**Action item:**
Set every entry down again, unchanged, picture-free.

**Data extracted from a collection:**
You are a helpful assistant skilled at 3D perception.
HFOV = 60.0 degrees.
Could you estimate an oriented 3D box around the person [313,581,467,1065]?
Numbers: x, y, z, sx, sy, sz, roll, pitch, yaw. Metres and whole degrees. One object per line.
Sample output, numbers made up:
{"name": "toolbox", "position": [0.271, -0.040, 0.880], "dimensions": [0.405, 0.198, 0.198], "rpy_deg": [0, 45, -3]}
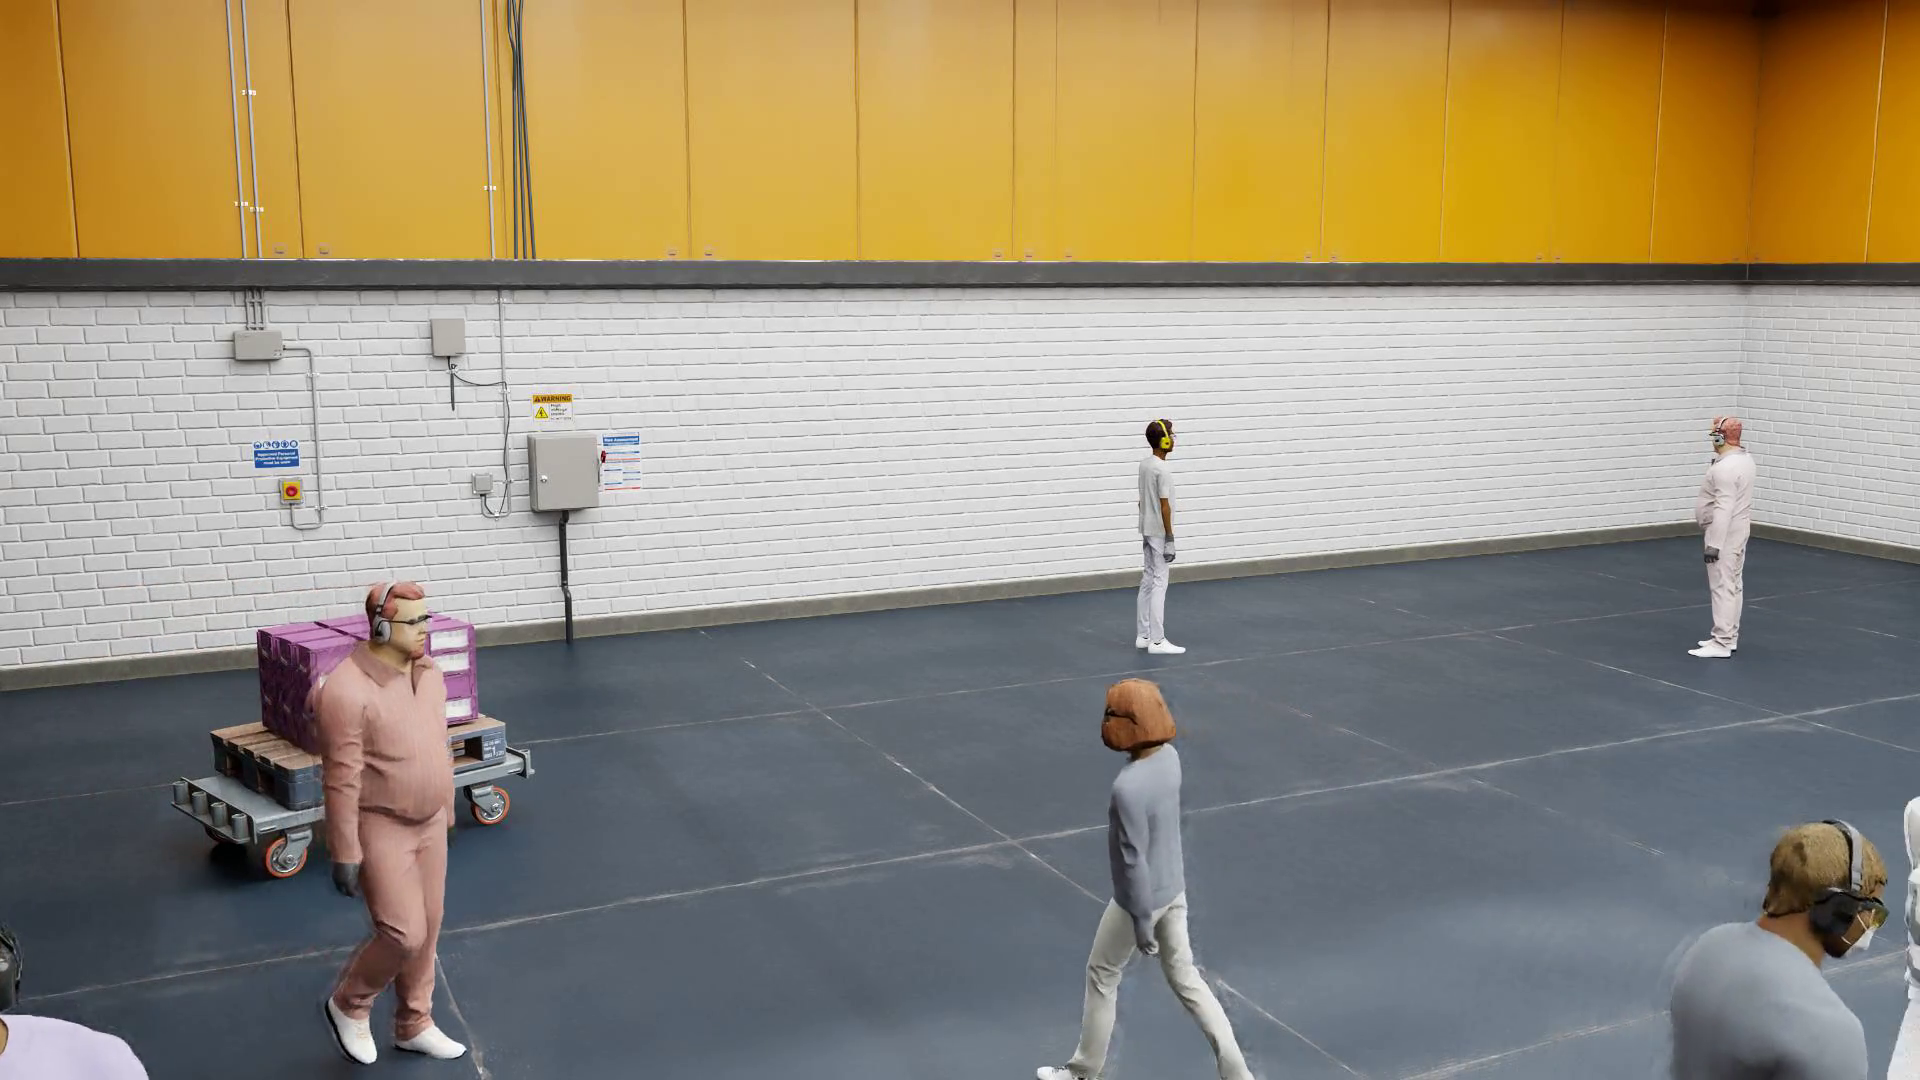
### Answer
{"name": "person", "position": [-2.120, 1.085, 6.293], "dimensions": [0.441, 1.890, 0.672], "rpy_deg": [3, 10, 19]}

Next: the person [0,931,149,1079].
{"name": "person", "position": [-1.817, 1.598, 3.132], "dimensions": [0.651, 1.882, 1.003], "rpy_deg": [-5, 11, -29]}

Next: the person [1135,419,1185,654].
{"name": "person", "position": [1.592, -0.031, 13.275], "dimensions": [0.328, 1.876, 0.514], "rpy_deg": [-3, 10, -17]}

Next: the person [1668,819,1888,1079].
{"name": "person", "position": [1.777, 1.534, 3.541], "dimensions": [0.880, 1.881, 0.702], "rpy_deg": [0, 9, 0]}

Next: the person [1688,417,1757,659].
{"name": "person", "position": [6.000, -0.018, 13.116], "dimensions": [0.399, 1.903, 0.643], "rpy_deg": [7, 12, 38]}

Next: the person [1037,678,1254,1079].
{"name": "person", "position": [0.710, 1.282, 5.984], "dimensions": [0.821, 1.597, 0.499], "rpy_deg": [6, 11, 32]}

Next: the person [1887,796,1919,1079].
{"name": "person", "position": [3.008, 1.356, 4.811], "dimensions": [0.973, 1.849, 0.588], "rpy_deg": [-4, 10, -23]}

**Output for this exercise:**
You are a helpful assistant skilled at 3D perception.
HFOV = 60.0 degrees.
Could you estimate an oriented 3D box around the person [313,581,467,1065]?
Numbers: x, y, z, sx, sy, sz, roll, pitch, yaw. Metres and whole degrees. One object per line.
Sample output, numbers made up:
{"name": "toolbox", "position": [0.271, -0.040, 0.880], "dimensions": [0.405, 0.198, 0.198], "rpy_deg": [0, 45, -3]}
### Answer
{"name": "person", "position": [-2.120, 1.085, 6.293], "dimensions": [0.441, 1.890, 0.672], "rpy_deg": [3, 10, 19]}

Next: the person [0,931,149,1079].
{"name": "person", "position": [-1.817, 1.598, 3.132], "dimensions": [0.651, 1.882, 1.003], "rpy_deg": [-5, 11, -29]}

Next: the person [1135,419,1185,654].
{"name": "person", "position": [1.592, -0.031, 13.275], "dimensions": [0.328, 1.876, 0.514], "rpy_deg": [-3, 10, -17]}

Next: the person [1668,819,1888,1079].
{"name": "person", "position": [1.777, 1.534, 3.541], "dimensions": [0.880, 1.881, 0.702], "rpy_deg": [0, 9, 0]}

Next: the person [1688,417,1757,659].
{"name": "person", "position": [6.000, -0.018, 13.116], "dimensions": [0.399, 1.903, 0.643], "rpy_deg": [7, 12, 38]}

Next: the person [1037,678,1254,1079].
{"name": "person", "position": [0.710, 1.282, 5.984], "dimensions": [0.821, 1.597, 0.499], "rpy_deg": [6, 11, 32]}

Next: the person [1887,796,1919,1079].
{"name": "person", "position": [3.008, 1.356, 4.811], "dimensions": [0.973, 1.849, 0.588], "rpy_deg": [-4, 10, -23]}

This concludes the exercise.